[EXERCISE]: Look through the entries. Copy each line that has the word "Units".

Stored dataset items:

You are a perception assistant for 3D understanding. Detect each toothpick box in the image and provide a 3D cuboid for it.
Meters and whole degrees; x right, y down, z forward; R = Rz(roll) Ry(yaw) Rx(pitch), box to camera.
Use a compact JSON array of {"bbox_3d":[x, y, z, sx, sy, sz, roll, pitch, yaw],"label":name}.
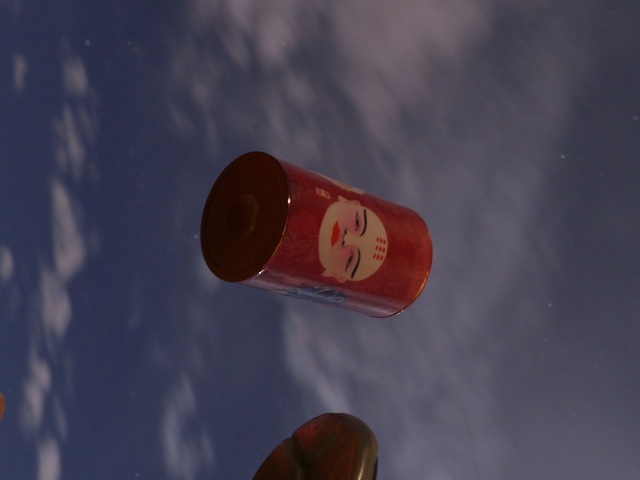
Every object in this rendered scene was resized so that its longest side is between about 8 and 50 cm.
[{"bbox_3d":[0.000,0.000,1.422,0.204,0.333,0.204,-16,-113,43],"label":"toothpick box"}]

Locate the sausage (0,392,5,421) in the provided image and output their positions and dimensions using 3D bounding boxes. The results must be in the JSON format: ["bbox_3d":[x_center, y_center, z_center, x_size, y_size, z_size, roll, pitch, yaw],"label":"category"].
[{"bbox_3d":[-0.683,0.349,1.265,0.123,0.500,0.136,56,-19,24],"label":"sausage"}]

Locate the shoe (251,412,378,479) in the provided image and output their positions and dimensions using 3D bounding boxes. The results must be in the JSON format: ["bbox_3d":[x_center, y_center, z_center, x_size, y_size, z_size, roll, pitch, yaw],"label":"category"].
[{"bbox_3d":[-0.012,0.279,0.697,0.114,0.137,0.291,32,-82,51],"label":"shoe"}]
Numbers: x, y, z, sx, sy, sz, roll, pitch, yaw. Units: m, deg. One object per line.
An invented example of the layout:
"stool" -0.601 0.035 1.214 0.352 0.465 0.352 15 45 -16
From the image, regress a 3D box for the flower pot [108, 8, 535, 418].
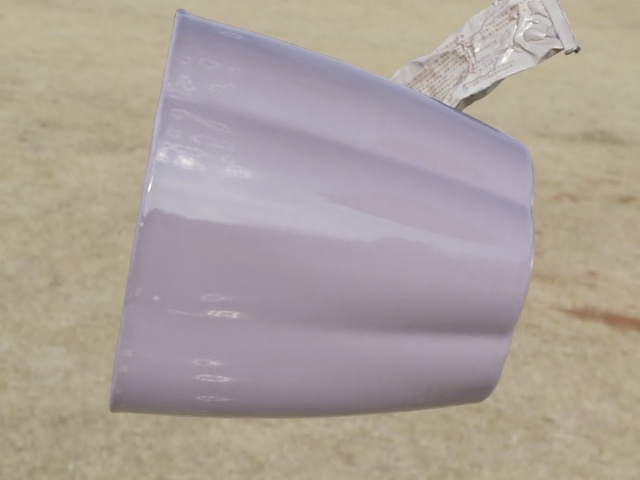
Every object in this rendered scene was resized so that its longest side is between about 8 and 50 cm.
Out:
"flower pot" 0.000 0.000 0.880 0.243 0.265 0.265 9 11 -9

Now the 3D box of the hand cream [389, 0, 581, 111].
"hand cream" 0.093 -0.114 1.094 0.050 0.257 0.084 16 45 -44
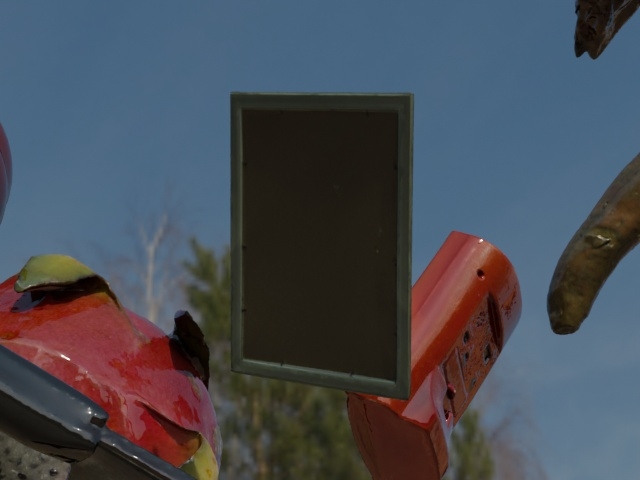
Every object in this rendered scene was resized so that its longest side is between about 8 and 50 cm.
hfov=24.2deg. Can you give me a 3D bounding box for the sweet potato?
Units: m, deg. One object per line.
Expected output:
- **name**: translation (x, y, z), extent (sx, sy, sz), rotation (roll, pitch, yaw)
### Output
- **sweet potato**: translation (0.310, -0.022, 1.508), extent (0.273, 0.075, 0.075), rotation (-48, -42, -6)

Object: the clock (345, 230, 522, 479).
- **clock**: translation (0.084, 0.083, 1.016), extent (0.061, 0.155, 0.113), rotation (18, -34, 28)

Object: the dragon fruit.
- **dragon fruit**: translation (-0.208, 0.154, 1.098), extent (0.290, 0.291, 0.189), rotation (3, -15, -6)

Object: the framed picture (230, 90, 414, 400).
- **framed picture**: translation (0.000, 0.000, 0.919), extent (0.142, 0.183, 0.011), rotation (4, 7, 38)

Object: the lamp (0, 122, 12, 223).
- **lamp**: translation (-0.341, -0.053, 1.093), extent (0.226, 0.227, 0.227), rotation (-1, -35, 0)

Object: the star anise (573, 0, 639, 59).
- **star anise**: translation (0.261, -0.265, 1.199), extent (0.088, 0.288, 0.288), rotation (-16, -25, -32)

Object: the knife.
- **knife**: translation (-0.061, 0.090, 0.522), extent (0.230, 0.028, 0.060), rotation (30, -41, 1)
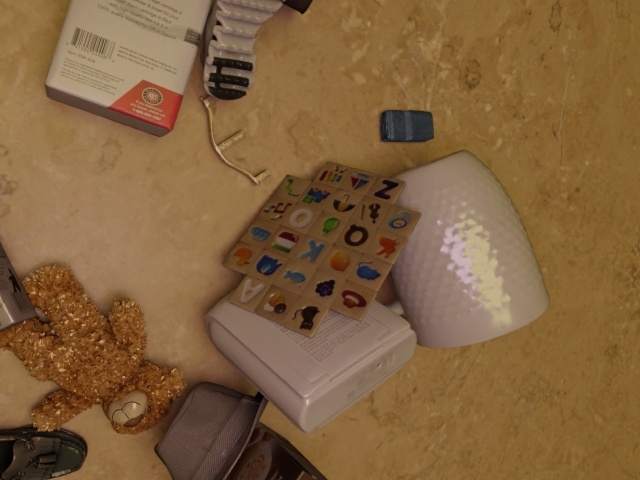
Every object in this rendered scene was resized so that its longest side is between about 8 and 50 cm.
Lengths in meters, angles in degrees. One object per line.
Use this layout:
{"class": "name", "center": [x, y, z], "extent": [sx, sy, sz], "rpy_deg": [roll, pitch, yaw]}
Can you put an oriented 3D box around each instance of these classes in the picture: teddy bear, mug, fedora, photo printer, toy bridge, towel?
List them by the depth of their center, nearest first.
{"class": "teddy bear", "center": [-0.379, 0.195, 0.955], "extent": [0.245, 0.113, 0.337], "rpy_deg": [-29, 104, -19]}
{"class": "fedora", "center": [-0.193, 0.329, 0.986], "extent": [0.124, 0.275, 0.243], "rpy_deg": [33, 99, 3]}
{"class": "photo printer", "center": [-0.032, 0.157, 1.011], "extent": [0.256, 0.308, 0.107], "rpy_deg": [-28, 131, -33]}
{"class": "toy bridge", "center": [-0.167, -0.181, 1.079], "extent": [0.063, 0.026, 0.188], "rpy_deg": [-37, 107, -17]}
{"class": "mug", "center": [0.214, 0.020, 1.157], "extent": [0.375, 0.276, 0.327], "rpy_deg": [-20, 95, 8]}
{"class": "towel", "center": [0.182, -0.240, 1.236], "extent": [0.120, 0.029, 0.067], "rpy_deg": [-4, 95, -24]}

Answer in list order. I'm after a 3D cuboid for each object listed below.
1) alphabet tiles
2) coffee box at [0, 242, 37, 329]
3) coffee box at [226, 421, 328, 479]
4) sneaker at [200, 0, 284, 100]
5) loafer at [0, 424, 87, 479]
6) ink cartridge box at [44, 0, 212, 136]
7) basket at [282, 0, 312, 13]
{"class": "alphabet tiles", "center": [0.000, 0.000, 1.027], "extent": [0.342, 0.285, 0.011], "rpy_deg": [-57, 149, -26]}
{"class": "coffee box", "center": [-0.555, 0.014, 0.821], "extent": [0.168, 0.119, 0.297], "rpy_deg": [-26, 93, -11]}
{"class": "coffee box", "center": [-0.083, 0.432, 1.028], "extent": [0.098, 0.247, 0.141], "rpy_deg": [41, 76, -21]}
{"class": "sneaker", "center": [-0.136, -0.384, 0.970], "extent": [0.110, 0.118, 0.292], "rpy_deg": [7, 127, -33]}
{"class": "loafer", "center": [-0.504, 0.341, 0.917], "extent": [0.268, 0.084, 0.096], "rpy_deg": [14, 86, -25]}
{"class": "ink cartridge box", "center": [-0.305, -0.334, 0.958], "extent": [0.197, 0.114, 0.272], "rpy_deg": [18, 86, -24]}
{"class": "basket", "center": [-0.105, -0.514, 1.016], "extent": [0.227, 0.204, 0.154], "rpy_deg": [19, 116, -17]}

* * *

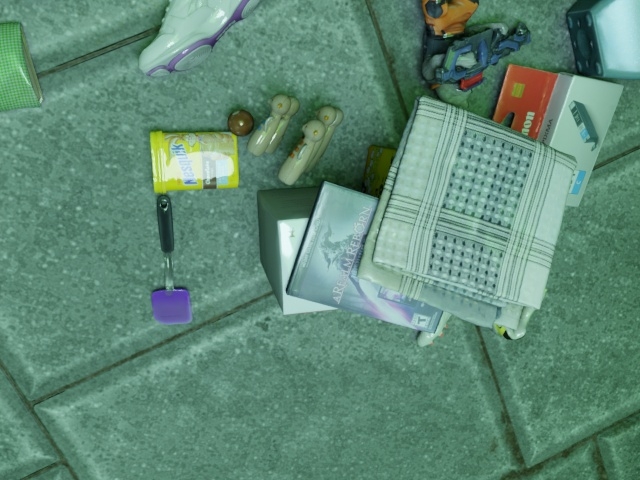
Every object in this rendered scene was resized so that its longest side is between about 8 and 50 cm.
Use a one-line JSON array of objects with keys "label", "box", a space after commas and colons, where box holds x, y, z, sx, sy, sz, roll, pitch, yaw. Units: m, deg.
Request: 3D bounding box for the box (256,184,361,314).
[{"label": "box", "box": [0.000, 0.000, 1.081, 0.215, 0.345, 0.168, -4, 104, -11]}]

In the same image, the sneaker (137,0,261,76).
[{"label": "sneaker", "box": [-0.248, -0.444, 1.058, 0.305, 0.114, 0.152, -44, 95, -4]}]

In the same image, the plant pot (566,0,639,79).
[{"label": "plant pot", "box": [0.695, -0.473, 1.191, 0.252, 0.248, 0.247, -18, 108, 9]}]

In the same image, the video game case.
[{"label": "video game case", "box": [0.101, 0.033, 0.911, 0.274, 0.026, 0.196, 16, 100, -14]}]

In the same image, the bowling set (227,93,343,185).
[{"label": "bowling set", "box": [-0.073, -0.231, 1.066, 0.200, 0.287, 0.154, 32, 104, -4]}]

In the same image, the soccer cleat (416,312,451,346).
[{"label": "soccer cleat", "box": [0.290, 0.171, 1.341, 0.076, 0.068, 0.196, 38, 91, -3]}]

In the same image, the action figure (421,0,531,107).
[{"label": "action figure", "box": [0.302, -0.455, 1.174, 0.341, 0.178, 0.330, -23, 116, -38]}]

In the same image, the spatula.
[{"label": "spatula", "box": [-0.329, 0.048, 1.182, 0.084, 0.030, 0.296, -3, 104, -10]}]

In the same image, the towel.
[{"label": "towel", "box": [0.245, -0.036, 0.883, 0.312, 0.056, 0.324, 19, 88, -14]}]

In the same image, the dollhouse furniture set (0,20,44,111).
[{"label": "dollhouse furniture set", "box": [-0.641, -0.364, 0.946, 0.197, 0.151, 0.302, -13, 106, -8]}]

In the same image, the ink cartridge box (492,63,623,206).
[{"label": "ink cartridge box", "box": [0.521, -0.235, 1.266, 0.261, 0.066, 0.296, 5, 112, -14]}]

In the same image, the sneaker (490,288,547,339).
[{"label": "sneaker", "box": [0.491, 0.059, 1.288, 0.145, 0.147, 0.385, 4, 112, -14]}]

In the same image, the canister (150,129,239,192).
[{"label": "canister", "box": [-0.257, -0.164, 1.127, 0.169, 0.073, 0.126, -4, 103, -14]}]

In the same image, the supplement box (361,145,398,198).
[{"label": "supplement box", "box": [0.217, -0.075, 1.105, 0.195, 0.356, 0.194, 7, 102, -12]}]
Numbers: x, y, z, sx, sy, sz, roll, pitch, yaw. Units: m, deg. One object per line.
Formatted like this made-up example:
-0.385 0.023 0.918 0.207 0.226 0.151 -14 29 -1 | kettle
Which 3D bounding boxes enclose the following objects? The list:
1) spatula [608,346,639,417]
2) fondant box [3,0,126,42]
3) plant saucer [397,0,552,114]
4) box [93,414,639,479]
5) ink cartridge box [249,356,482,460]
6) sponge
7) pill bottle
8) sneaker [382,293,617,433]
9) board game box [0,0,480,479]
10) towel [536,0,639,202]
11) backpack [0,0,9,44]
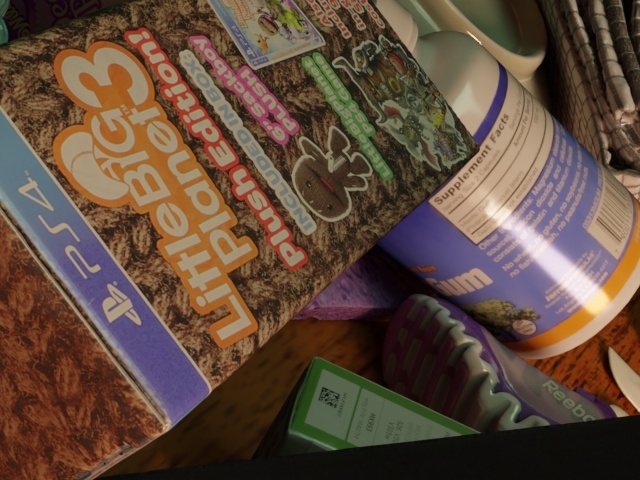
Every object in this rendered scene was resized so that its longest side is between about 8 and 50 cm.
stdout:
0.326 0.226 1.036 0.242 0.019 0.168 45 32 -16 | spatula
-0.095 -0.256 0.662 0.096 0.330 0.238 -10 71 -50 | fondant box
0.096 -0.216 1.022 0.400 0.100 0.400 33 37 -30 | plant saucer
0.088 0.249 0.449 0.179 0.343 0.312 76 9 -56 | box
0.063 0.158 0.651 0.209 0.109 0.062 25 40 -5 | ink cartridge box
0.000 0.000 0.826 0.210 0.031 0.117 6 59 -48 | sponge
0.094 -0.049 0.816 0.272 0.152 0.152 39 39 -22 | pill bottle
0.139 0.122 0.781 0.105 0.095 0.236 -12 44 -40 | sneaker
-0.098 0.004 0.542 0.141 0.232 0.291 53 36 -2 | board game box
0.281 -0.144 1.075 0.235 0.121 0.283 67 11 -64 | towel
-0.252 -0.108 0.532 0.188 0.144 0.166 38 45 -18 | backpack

[RESPONSE TO THE TASK]:
Numbers: x, y, z, sx, sy, sz, roll, pitch, yaw. Units: m, deg. One object per line.
Units: m, deg. One object per line.
Use a one-line JSON array of objects with keys "label", "box", a space after commas and colons, where box holds x, y, z, sx, sy, sz, roll, pitch, yaw. Units: m, deg.
Numbers: x, y, z, sx, sy, sz, roll, pitch, yaw. Units: m, deg. One object per line.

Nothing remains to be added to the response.